Она благодарно улыбается, прежде чем заплатить Ребекке.
– Ах, что бы я только ни отдала за фирменный вдохновляющий хумус из тыквенных семечек твоей мамы, – тоскливо тянет подруга. – У меня не было ни одной нормальной тренировки с тех пор, как закончилась последняя порция.
– Хочешь, приготовлю тебе немного? – предлагаю я. Мама обучала меня кухонной магии. Она считала, что все ведьмы должны знать основы этого ремесла, хотя ни одна из моих сестер никогда не проявляла к нему интереса.
– О! А тебе нетрудно? Я постеснялась просить, но было бы потрясающе, – весело отзывается она.
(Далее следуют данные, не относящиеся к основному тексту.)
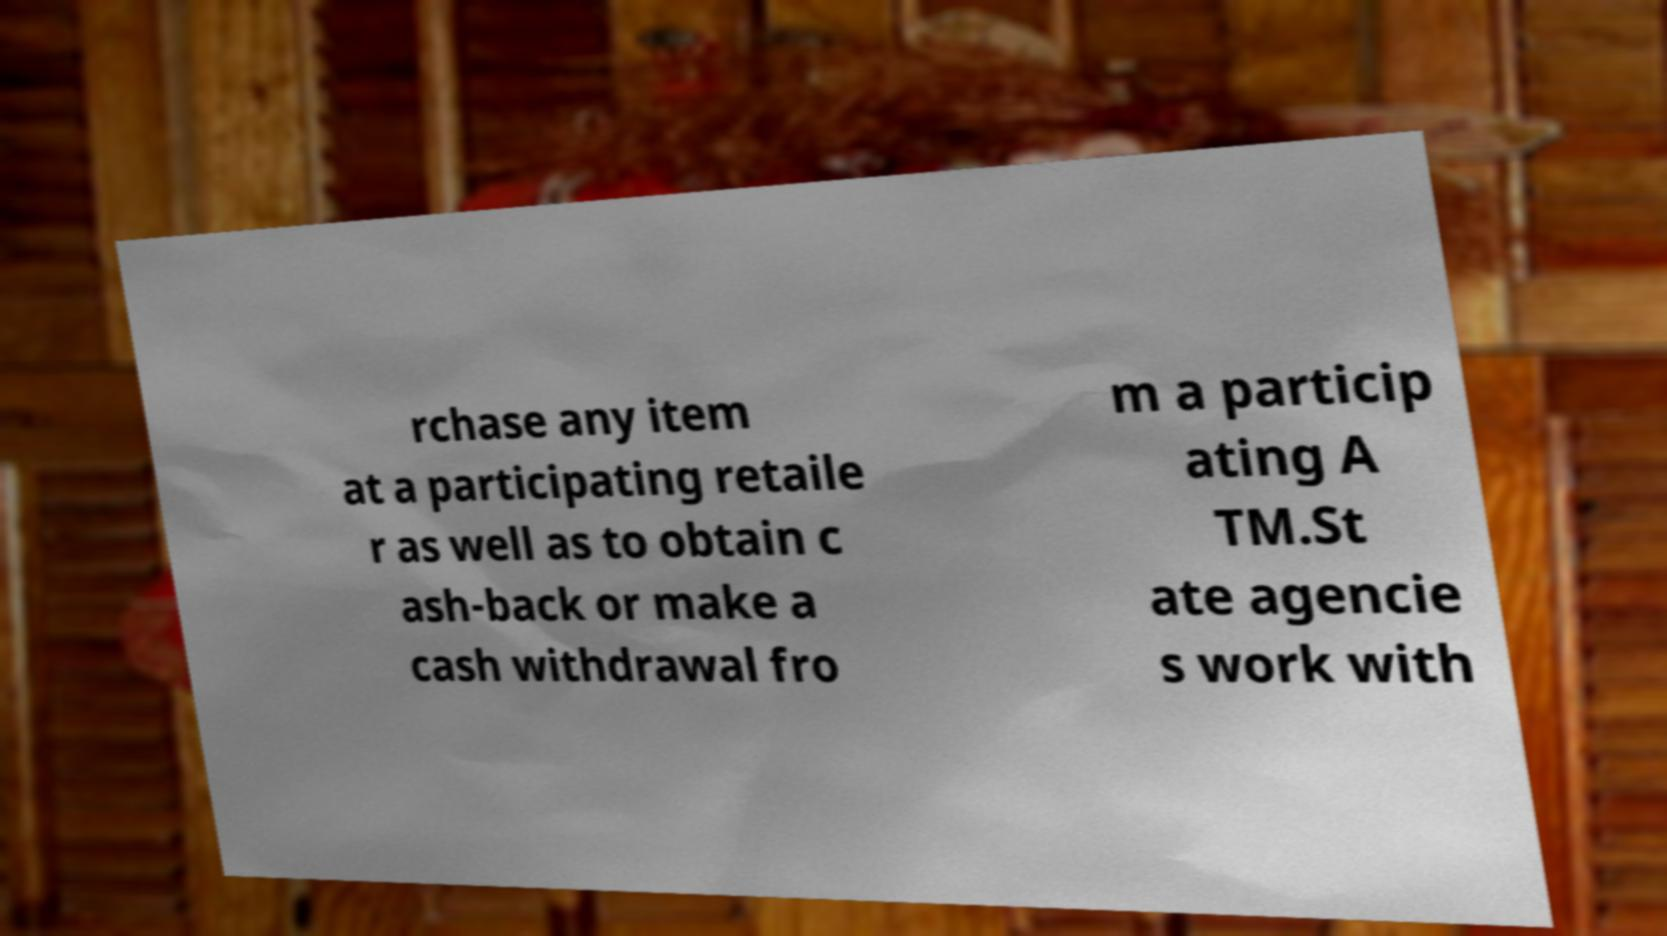There's text embedded in this image that I need extracted. Can you transcribe it verbatim? rchase any item at a participating retaile r as well as to obtain c ash-back or make a cash withdrawal fro m a particip ating A TM.St ate agencie s work with 
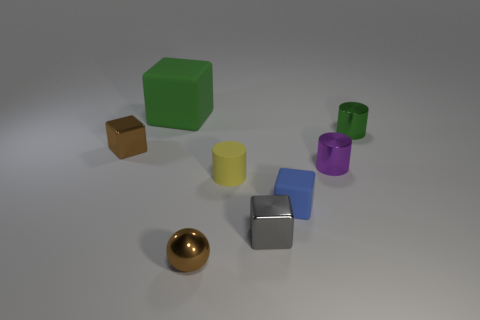Is the green thing that is behind the green metal thing made of the same material as the tiny block behind the blue thing? It appears that the large green object and the tiny block share a similar visual texture that suggests they might be made from the same plastic material. However, without more context or information about the objects' composition, we can't conclusively determine if they are indeed made from the identical material. 
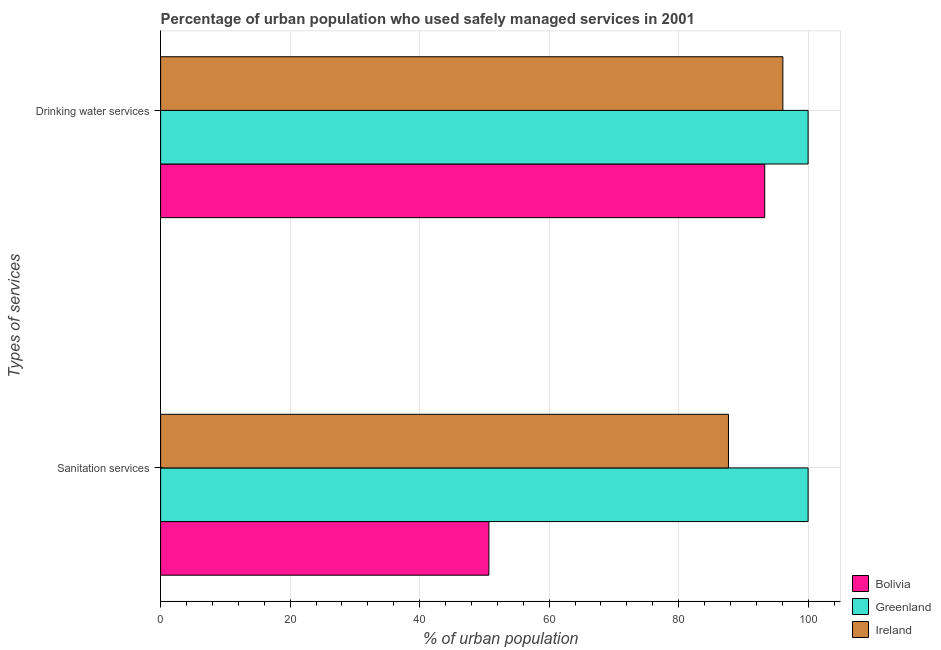How many different coloured bars are there?
Offer a very short reply. 3. How many groups of bars are there?
Provide a short and direct response. 2. Are the number of bars per tick equal to the number of legend labels?
Your answer should be very brief. Yes. How many bars are there on the 2nd tick from the top?
Keep it short and to the point. 3. What is the label of the 2nd group of bars from the top?
Give a very brief answer. Sanitation services. What is the percentage of urban population who used drinking water services in Ireland?
Offer a very short reply. 96.1. Across all countries, what is the maximum percentage of urban population who used drinking water services?
Offer a very short reply. 100. Across all countries, what is the minimum percentage of urban population who used drinking water services?
Your answer should be very brief. 93.3. In which country was the percentage of urban population who used drinking water services maximum?
Provide a succinct answer. Greenland. In which country was the percentage of urban population who used sanitation services minimum?
Provide a succinct answer. Bolivia. What is the total percentage of urban population who used drinking water services in the graph?
Make the answer very short. 289.4. What is the difference between the percentage of urban population who used sanitation services in Bolivia and that in Greenland?
Offer a terse response. -49.3. What is the difference between the percentage of urban population who used drinking water services in Greenland and the percentage of urban population who used sanitation services in Bolivia?
Your response must be concise. 49.3. What is the average percentage of urban population who used drinking water services per country?
Give a very brief answer. 96.47. What is the difference between the percentage of urban population who used drinking water services and percentage of urban population who used sanitation services in Ireland?
Your answer should be very brief. 8.4. In how many countries, is the percentage of urban population who used sanitation services greater than 4 %?
Make the answer very short. 3. What is the ratio of the percentage of urban population who used sanitation services in Bolivia to that in Greenland?
Ensure brevity in your answer.  0.51. What does the 3rd bar from the top in Sanitation services represents?
Your response must be concise. Bolivia. What does the 1st bar from the bottom in Sanitation services represents?
Provide a short and direct response. Bolivia. Does the graph contain grids?
Your response must be concise. Yes. Where does the legend appear in the graph?
Your response must be concise. Bottom right. What is the title of the graph?
Provide a succinct answer. Percentage of urban population who used safely managed services in 2001. What is the label or title of the X-axis?
Provide a short and direct response. % of urban population. What is the label or title of the Y-axis?
Your answer should be very brief. Types of services. What is the % of urban population in Bolivia in Sanitation services?
Your answer should be very brief. 50.7. What is the % of urban population in Ireland in Sanitation services?
Keep it short and to the point. 87.7. What is the % of urban population of Bolivia in Drinking water services?
Offer a very short reply. 93.3. What is the % of urban population in Greenland in Drinking water services?
Provide a short and direct response. 100. What is the % of urban population of Ireland in Drinking water services?
Offer a terse response. 96.1. Across all Types of services, what is the maximum % of urban population of Bolivia?
Ensure brevity in your answer.  93.3. Across all Types of services, what is the maximum % of urban population in Ireland?
Offer a very short reply. 96.1. Across all Types of services, what is the minimum % of urban population in Bolivia?
Offer a terse response. 50.7. Across all Types of services, what is the minimum % of urban population of Greenland?
Make the answer very short. 100. Across all Types of services, what is the minimum % of urban population of Ireland?
Make the answer very short. 87.7. What is the total % of urban population of Bolivia in the graph?
Give a very brief answer. 144. What is the total % of urban population of Greenland in the graph?
Offer a very short reply. 200. What is the total % of urban population of Ireland in the graph?
Your answer should be compact. 183.8. What is the difference between the % of urban population of Bolivia in Sanitation services and that in Drinking water services?
Keep it short and to the point. -42.6. What is the difference between the % of urban population in Ireland in Sanitation services and that in Drinking water services?
Keep it short and to the point. -8.4. What is the difference between the % of urban population in Bolivia in Sanitation services and the % of urban population in Greenland in Drinking water services?
Give a very brief answer. -49.3. What is the difference between the % of urban population of Bolivia in Sanitation services and the % of urban population of Ireland in Drinking water services?
Your response must be concise. -45.4. What is the difference between the % of urban population in Greenland in Sanitation services and the % of urban population in Ireland in Drinking water services?
Offer a very short reply. 3.9. What is the average % of urban population of Bolivia per Types of services?
Offer a terse response. 72. What is the average % of urban population in Ireland per Types of services?
Your response must be concise. 91.9. What is the difference between the % of urban population in Bolivia and % of urban population in Greenland in Sanitation services?
Give a very brief answer. -49.3. What is the difference between the % of urban population of Bolivia and % of urban population of Ireland in Sanitation services?
Provide a short and direct response. -37. What is the difference between the % of urban population in Greenland and % of urban population in Ireland in Sanitation services?
Provide a short and direct response. 12.3. What is the difference between the % of urban population of Bolivia and % of urban population of Greenland in Drinking water services?
Ensure brevity in your answer.  -6.7. What is the difference between the % of urban population in Bolivia and % of urban population in Ireland in Drinking water services?
Provide a short and direct response. -2.8. What is the difference between the % of urban population of Greenland and % of urban population of Ireland in Drinking water services?
Provide a succinct answer. 3.9. What is the ratio of the % of urban population in Bolivia in Sanitation services to that in Drinking water services?
Give a very brief answer. 0.54. What is the ratio of the % of urban population in Ireland in Sanitation services to that in Drinking water services?
Keep it short and to the point. 0.91. What is the difference between the highest and the second highest % of urban population in Bolivia?
Offer a very short reply. 42.6. What is the difference between the highest and the second highest % of urban population of Greenland?
Make the answer very short. 0. What is the difference between the highest and the second highest % of urban population in Ireland?
Your answer should be compact. 8.4. What is the difference between the highest and the lowest % of urban population of Bolivia?
Offer a terse response. 42.6. What is the difference between the highest and the lowest % of urban population in Greenland?
Offer a terse response. 0.

– Конечно, без проблем. – Ее энтузиазм меня веселит. – Мне все равно нечем заняться на этой неделе.
– Разве что дочитать «Смерть Артура», – влезает Джинни с укоризненным взглядом.
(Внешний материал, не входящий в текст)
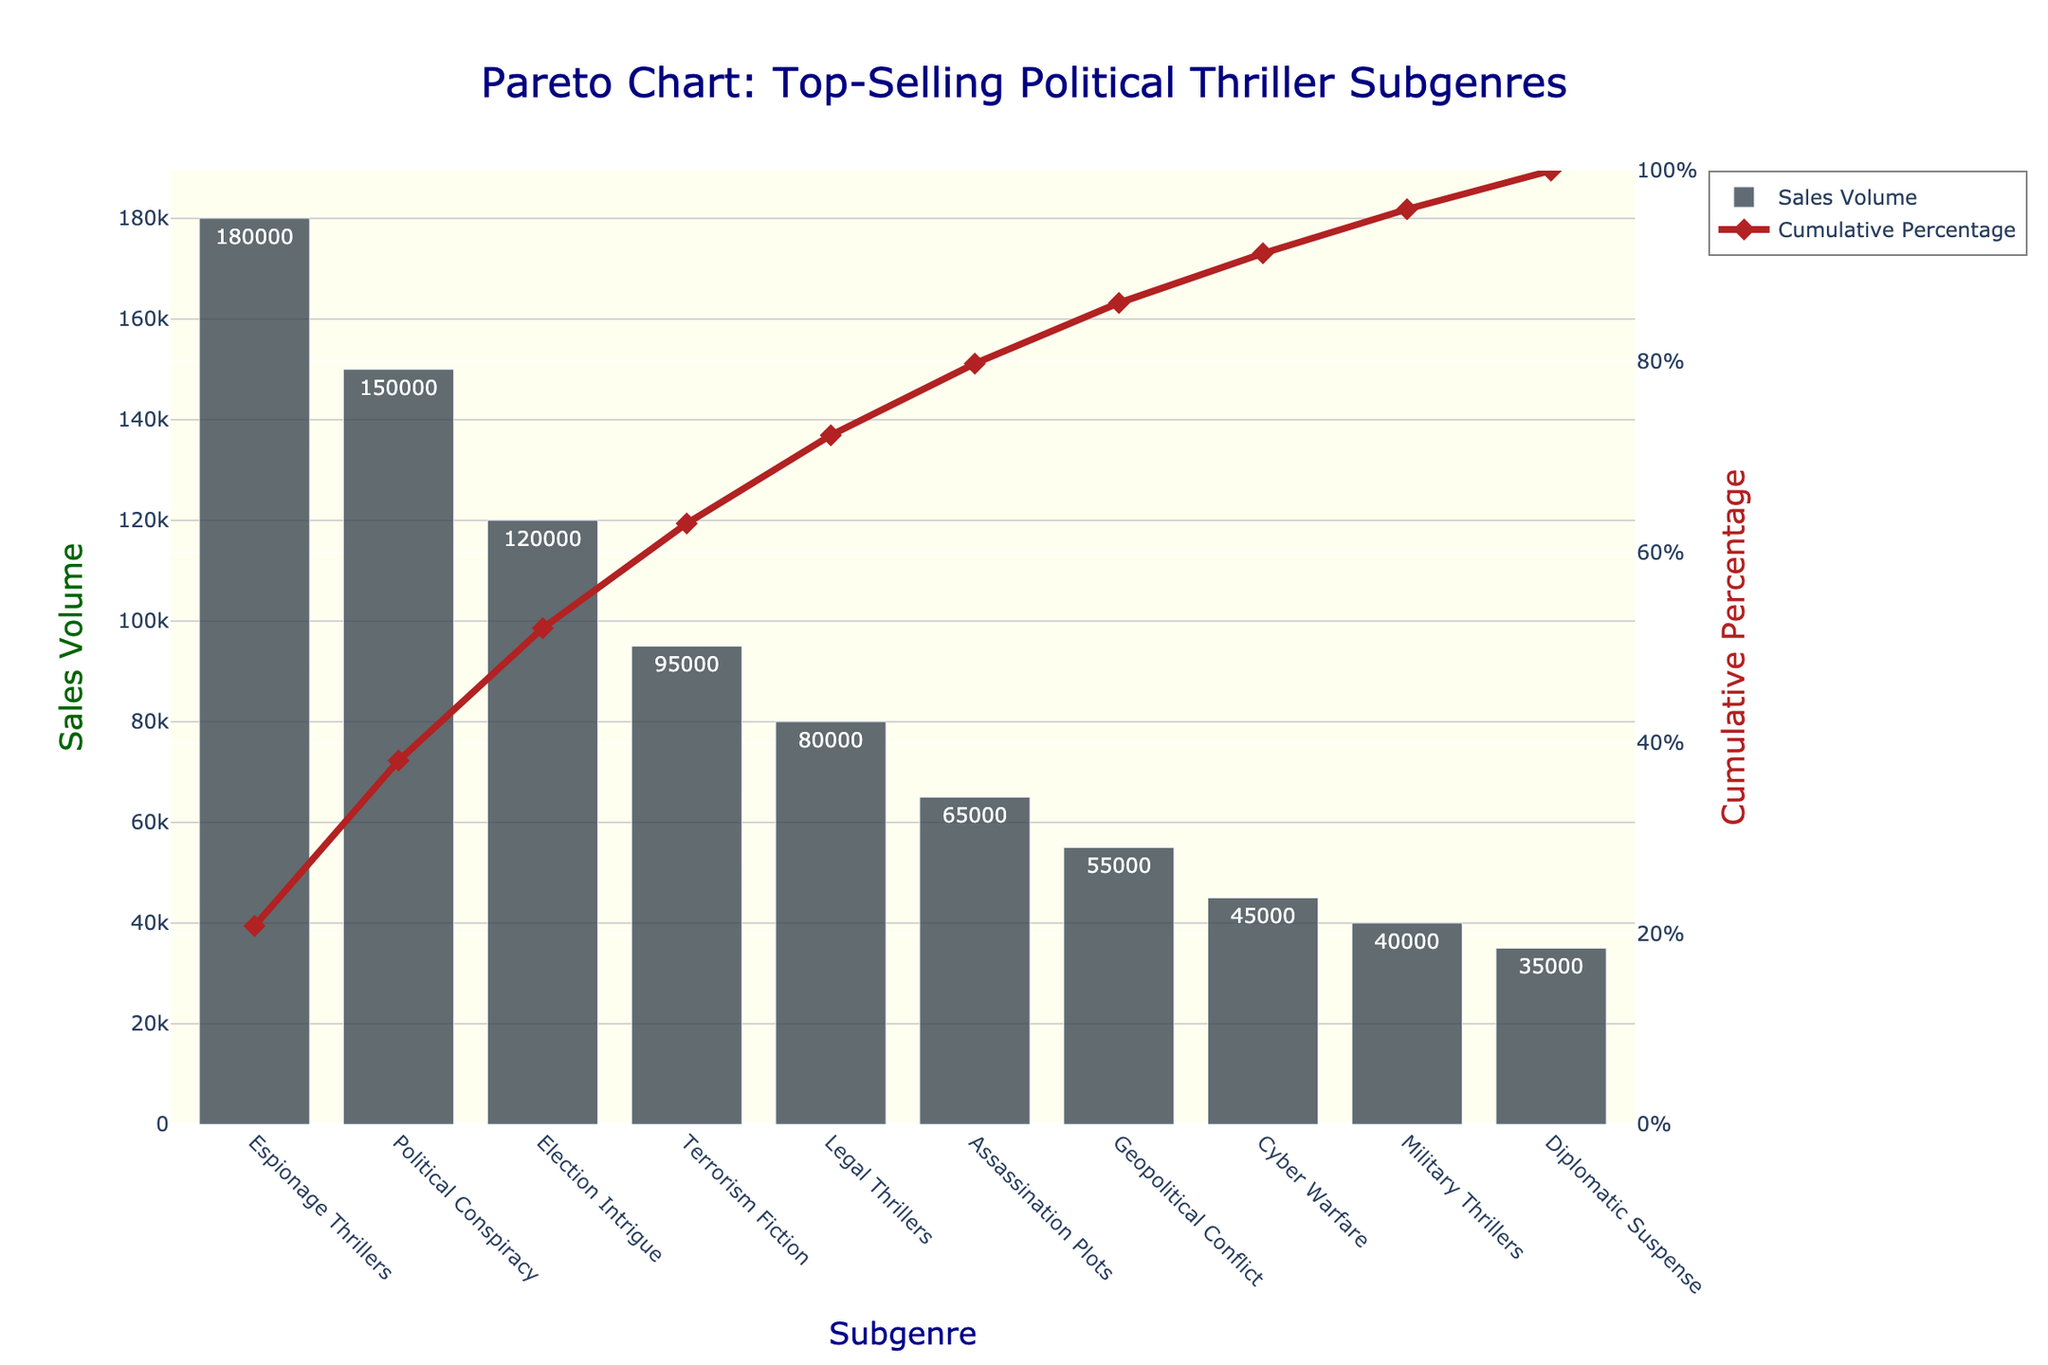What subgenre has the highest sales volume? The subgenre with the highest sales volume is found by looking at the bar with the highest value.
Answer: Espionage Thrillers What is the title of the chart? The title is located at the top of the chart.
Answer: Pareto Chart: Top-Selling Political Thriller Subgenres Which subgenre has the lowest sales volume? The subgenre with the lowest sales volume is found by looking at the bar with the smallest value.
Answer: Diplomatic Suspense What is the cumulative percentage for 'Terrorism Fiction'? Find the line point corresponding to 'Terrorism Fiction' and read the cumulative percentage value on the y-axis on the right.
Answer: 65.0% How many subgenres have a cumulative percentage higher than 50%? Find the point on the line where the cumulative percentage exceeds 50%, and count the subgenres listed before this point.
Answer: 4 What is the sales volume difference between 'Legal Thrillers' and 'Military Thrillers'? Find the sales volumes of 'Legal Thrillers' and 'Military Thrillers', then subtract the latter from the former (80000 - 40000).
Answer: 40000 Which subgenre shows a cumulative percentage closest to 75%? Inspect the cumulative percentage line and find the point closest to the 75%.
Answer: Legal Thrillers How much more did 'Espionage Thrillers' sell compared to 'Cyber Warfare'? Find the sales volumes and subtract 'Cyber Warfare' from 'Espionage Thrillers' (180000 - 45000).
Answer: 135000 What is the cumulative percentage after three subgenres? Add the cumulative percentages from the first three bars.
Answer: 77.5% What color represents the bars in the chart? The color of the bars can be identified by observing their appearance.
Answer: Dark grayish blue

– Точно, – после паузы соглашаюсь я.
– И подготовиться ко дню рождения, – недовольно цыкает Ребекка.
– Знаешь, ты когда так делаешь, прям как бабушка, – сообщает Джинни матери.
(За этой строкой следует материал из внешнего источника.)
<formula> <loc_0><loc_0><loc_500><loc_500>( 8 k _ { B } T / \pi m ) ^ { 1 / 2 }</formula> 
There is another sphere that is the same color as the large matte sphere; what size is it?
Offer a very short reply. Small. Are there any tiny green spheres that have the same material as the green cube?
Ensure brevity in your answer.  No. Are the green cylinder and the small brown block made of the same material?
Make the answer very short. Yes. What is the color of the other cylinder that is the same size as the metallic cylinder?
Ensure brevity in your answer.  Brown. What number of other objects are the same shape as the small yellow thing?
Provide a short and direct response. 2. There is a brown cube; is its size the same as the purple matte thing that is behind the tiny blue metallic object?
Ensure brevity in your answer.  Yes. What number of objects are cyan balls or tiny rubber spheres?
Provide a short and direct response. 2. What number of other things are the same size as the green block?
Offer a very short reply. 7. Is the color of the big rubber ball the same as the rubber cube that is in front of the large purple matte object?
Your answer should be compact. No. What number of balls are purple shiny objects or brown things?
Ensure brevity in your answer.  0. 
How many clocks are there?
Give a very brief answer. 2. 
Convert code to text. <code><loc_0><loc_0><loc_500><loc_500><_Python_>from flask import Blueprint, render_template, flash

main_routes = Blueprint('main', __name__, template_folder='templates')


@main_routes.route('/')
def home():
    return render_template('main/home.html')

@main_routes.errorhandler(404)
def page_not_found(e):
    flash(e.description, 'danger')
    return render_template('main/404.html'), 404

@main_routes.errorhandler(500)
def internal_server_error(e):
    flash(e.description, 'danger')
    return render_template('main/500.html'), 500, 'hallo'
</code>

Ребекка поджимает губы и становится поразительно похожа на дочь.
– Как Уинифред? – спрашиваю я, стараясь спрятать улыбку.
– Чудит, как всегда, – отмахивается Ребекка. – Хотя уверена, тебе бы она порадовалась. Почему ты не идешь на фестиваль?
Я качаю головой. Ипсвичский осенний фестиваль каждый год проводится на ферме Беннетов. С самого детства я исправно ходила туда с мамой.
– Не хочу. Слишком много воспоминаний. Вдобавок я все равно увижу твою маму на собрании ковена в субботу.
– Понимаю. – Ребекка снова грустно мне улыбается, а потом вдруг о чем-то вспоминает и на миг прикрывает глаза. – А, Кейт. Позвони сегодня сестре.
– Селесте? Зачем? Все хорошо?
Не нравится мне ее тревожный взгляд. Последнее, что я слышала о своей младшей сестре, – как она каталась на яхте у берегов Большого Каймана, выступая в роли личного астролога какого-то красавчика-актера. Очень приятного, по ее заверениям. На мгновение мне становится страшно: вдруг там какой-нибудь ураган прошел.
– Нет, не Селесте. Миранде.
– С чего бы? – уточняю я после паузы.
Ребекка в курсе, что мы со старшей сестрой никогда не были близки. Она вновь поджимает губы, но ее взгляд полон грусти.
– Сегодня ей придется тяжело. Я сама узнала от старших всего несколько часов назад: этой ночью умерла Маргарет Халливел.